Exercise inputs
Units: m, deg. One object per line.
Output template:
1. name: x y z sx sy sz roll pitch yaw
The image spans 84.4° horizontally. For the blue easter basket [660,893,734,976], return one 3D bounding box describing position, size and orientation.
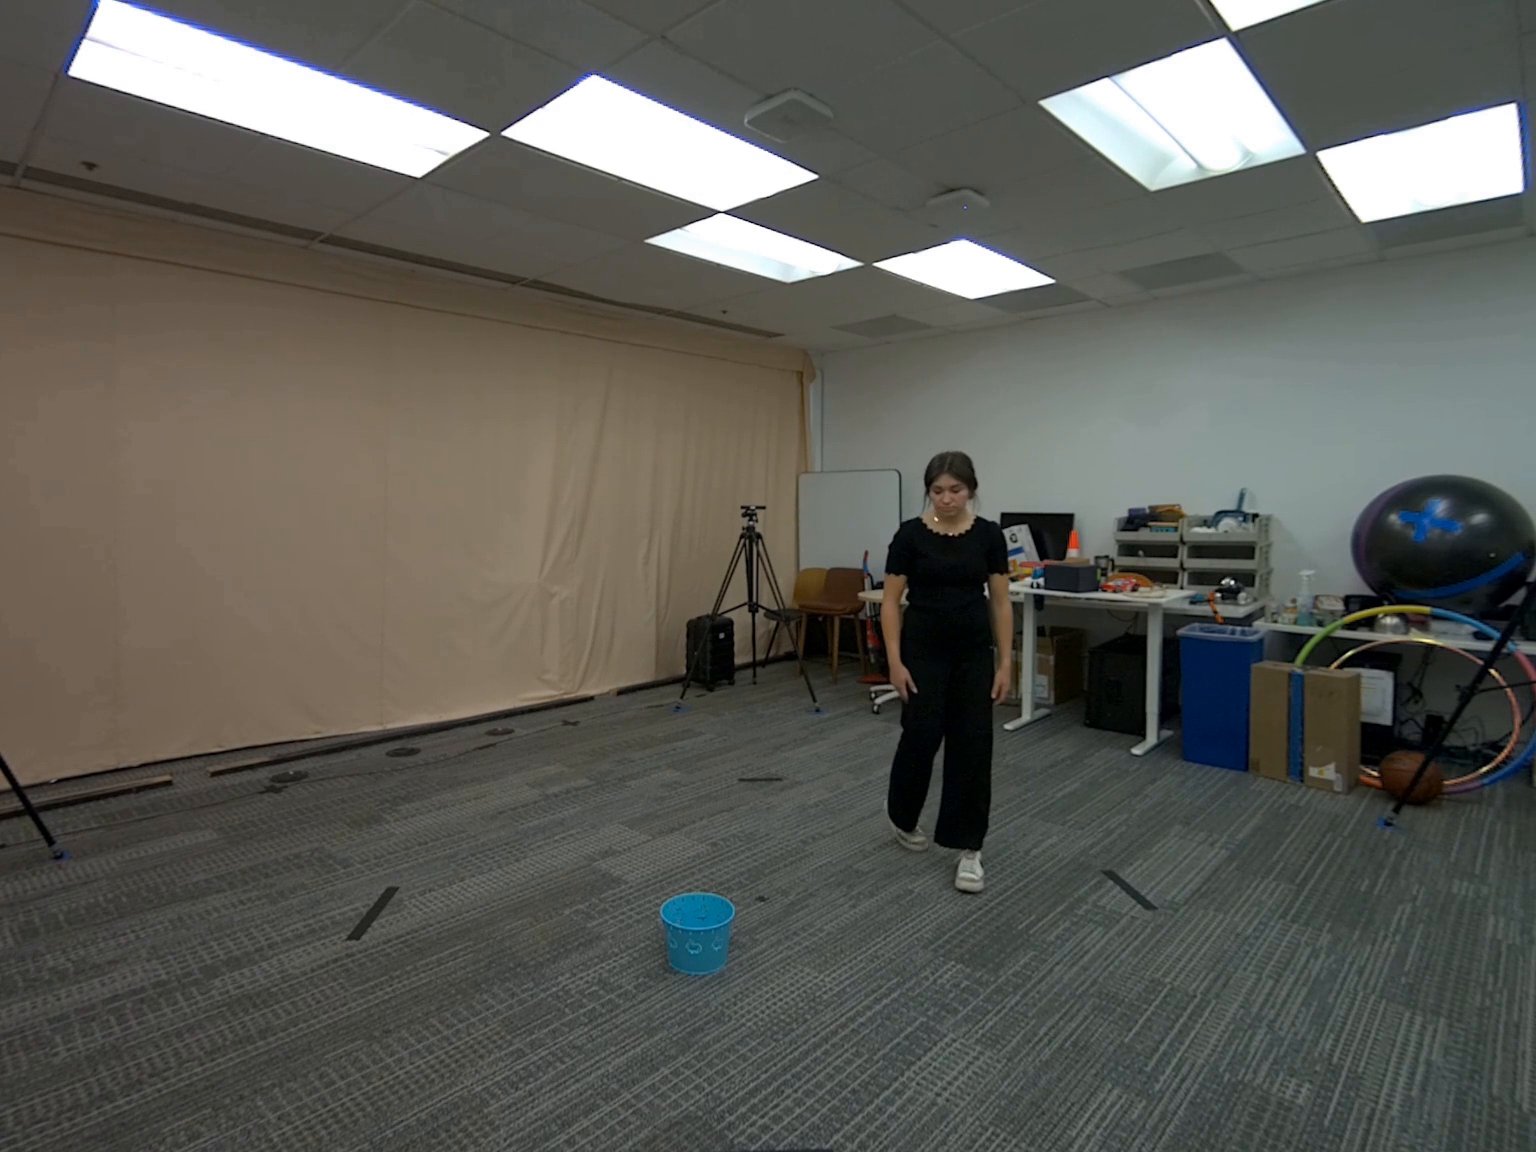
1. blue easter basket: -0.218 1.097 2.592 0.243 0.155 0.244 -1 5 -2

* * *

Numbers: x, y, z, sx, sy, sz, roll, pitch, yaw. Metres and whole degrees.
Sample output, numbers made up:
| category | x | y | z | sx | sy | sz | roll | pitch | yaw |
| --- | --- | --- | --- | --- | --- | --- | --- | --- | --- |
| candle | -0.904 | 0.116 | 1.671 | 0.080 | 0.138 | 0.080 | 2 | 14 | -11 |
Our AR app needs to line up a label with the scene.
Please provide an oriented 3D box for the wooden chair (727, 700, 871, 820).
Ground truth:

Problem
Among the entries, find every line holding "pitch" and return it.

Written answer
1. name: x y z sx sy sz roll pitch yaw
Numbers: x, y, z, sx, sy, sz, roll, pitch, yaw. Metres and whole degrees.
| category | x | y | z | sx | sy | sz | roll | pitch | yaw |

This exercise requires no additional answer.